The approach all depends on where they are at in their recovery and what your relationship is like with them. The best thing you can do is keep their life humming by offering them practical daily support that doesn’t focus on the disorder, whether it be offering to take them to their appointments or helping with their homework. It’s very important to be mindful and not schedule any activities that are centered on food; holidays can be some of the toughest times because most extended family members don’t understand their eating disorder.

So the best way to show compassion is to educate yourself, learn about the disease and what they are going through and know that you can’t understand unless you’ve been through it yourself.

It’s important to understand and recognize the warning signs for eating disorders and realizing that no one sign fits rather a collection of several.

These include:

  • Withdrawal from social activities
  • Food rituals including chewing each bite of food excessively
  • Hoarding or hiding food
  • Disappearing after eating
  • Excessive checking in the mirror for perceived flaws
  • Negative self-esteem
  • Dangerous dieting
  • Excessive exercising
  • Obsessing over weight
  • Personality changes
  • Obsessing over appearance

Eating Disorders are a serious debilitating medical and psychological illness and aren’t always easy to detect.

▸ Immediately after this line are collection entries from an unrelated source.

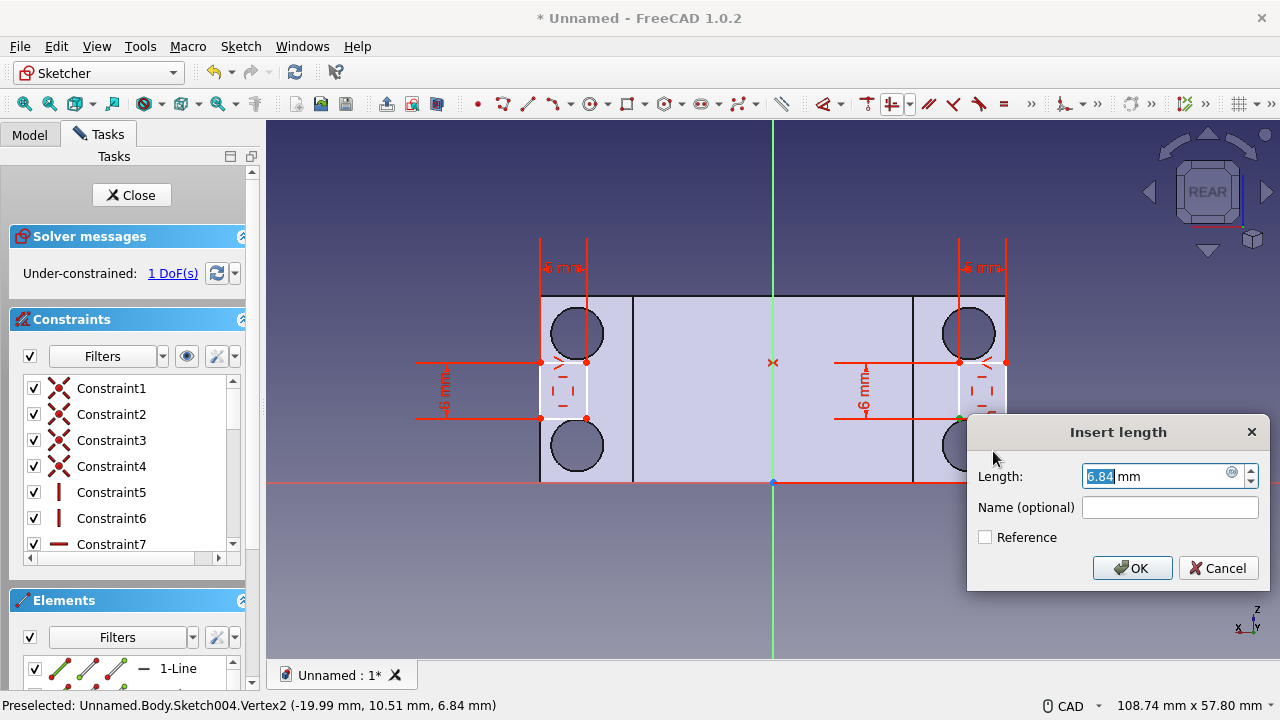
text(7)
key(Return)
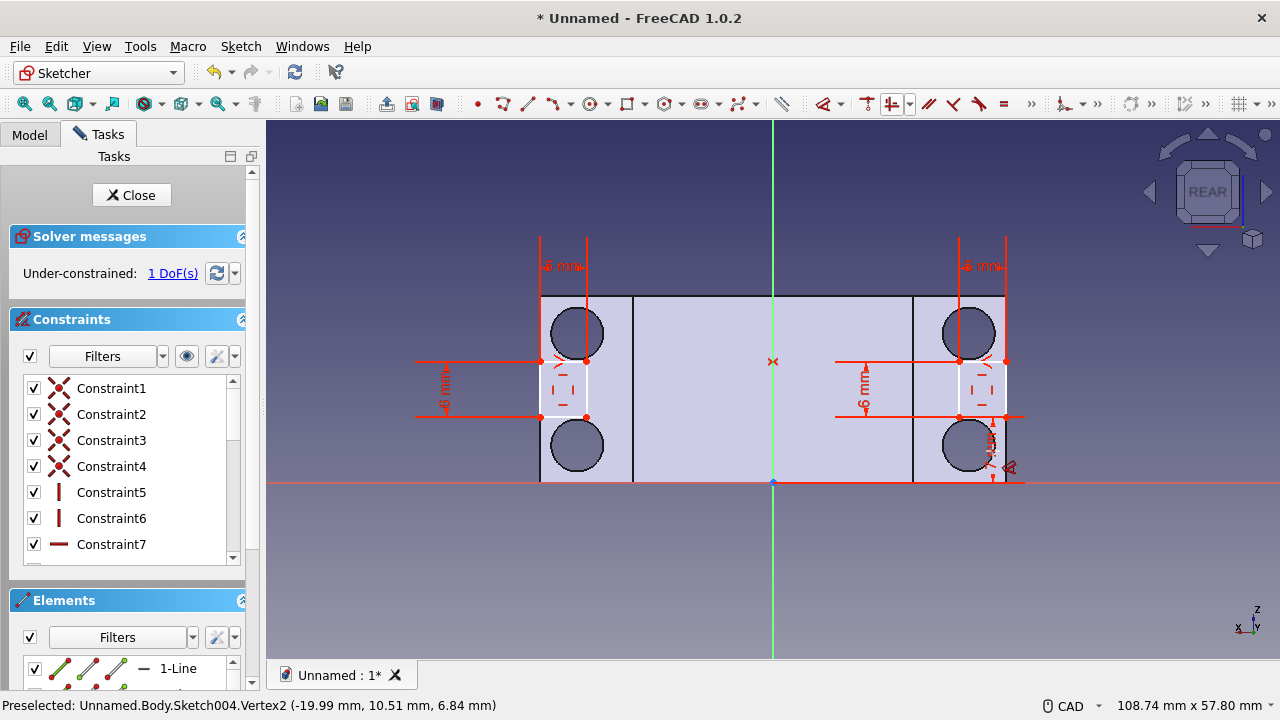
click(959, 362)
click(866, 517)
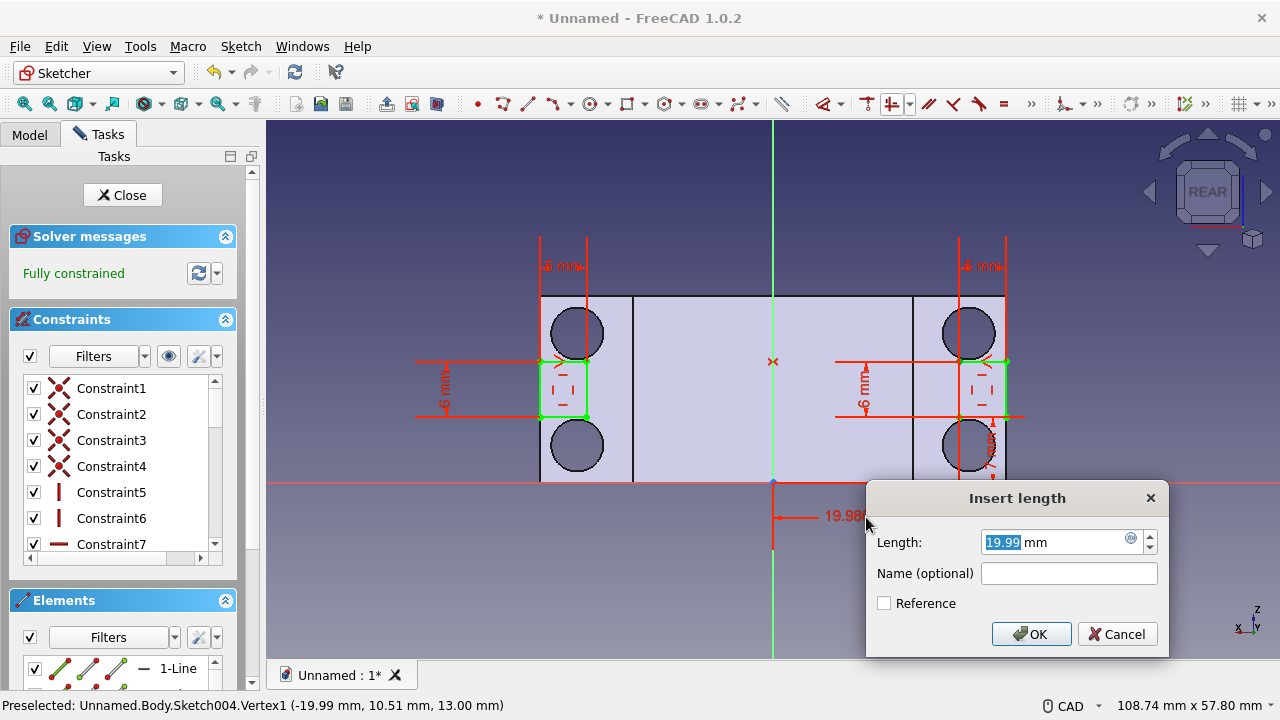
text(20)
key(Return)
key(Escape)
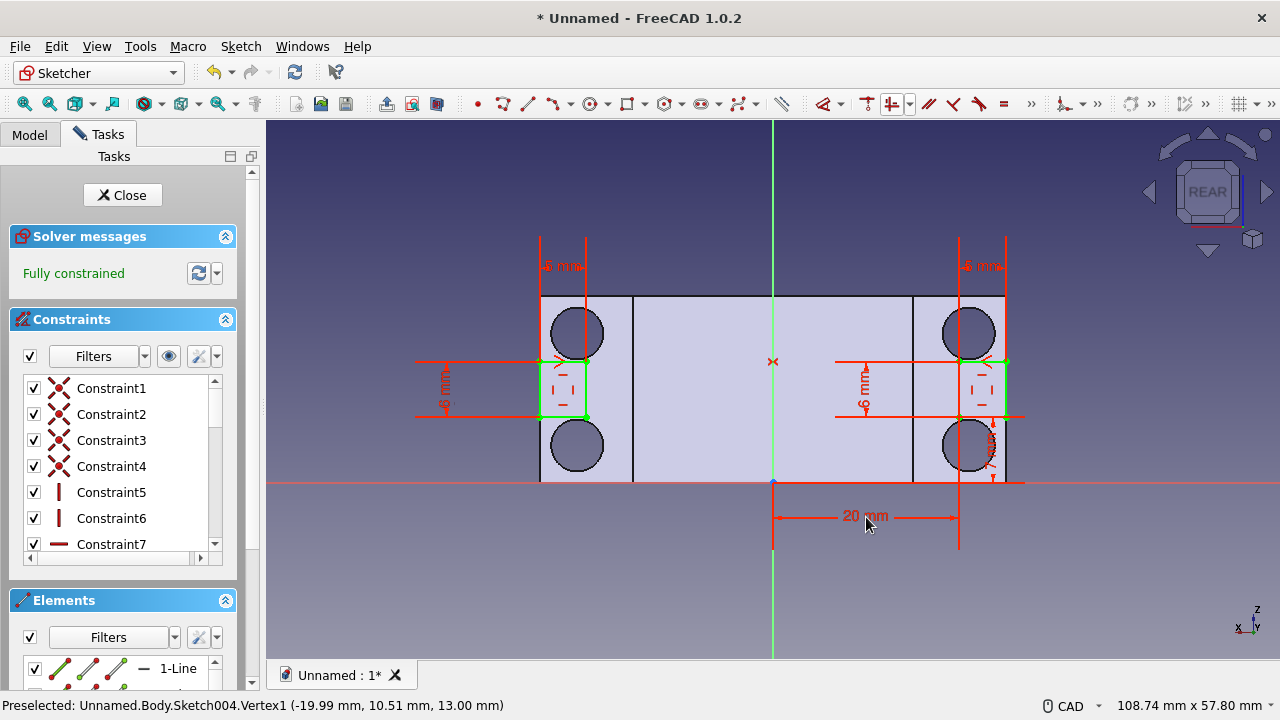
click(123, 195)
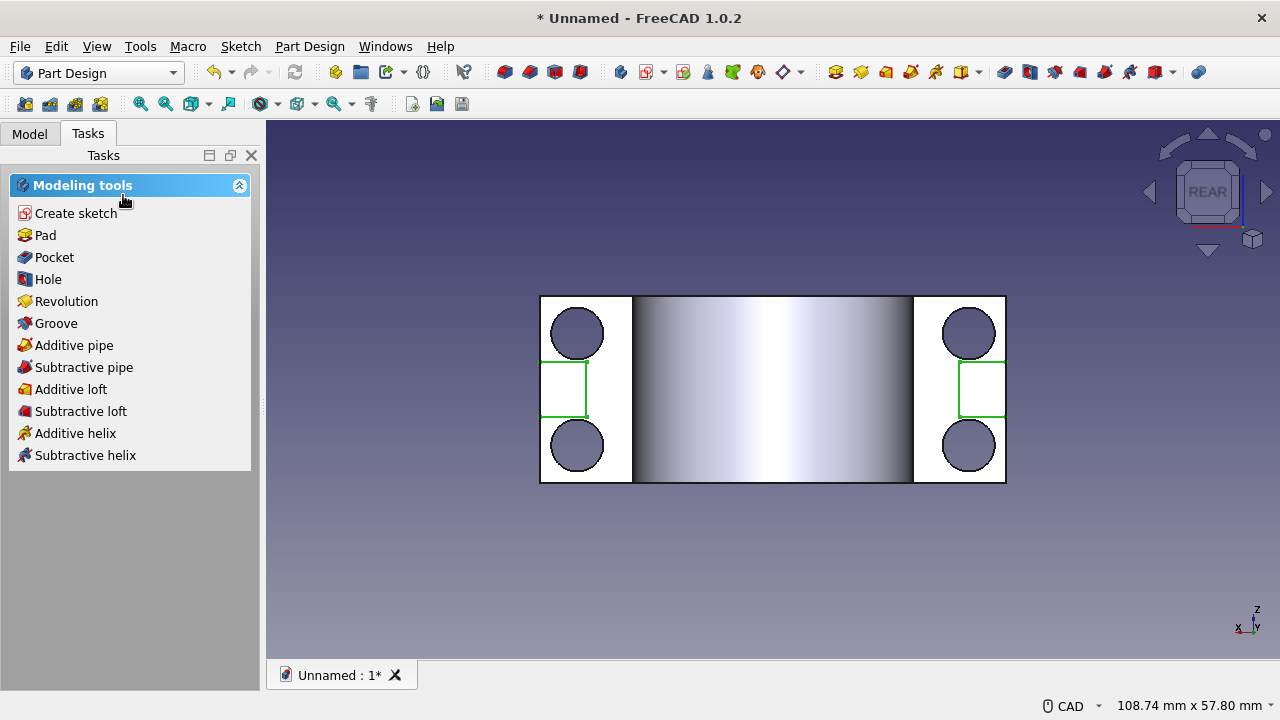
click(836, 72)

People who suffer from them may be under weight, normal weight or over weight this is why it’s important to not stereotype. Eating disorders affect every race and ethnicity and the news has reported that kids as young as 5 are being diagnosed.

However there is hope through counseling and medical attention there’s an opportunity for kids to regain their health. More and more Organizations like the National Eating Disorder Association and Scholastic through Choices magazine are empowering us to become more educated in understanding the disease. So it’s time to connect and increase our awareness so we can empower our kid’s in their journey of transformation.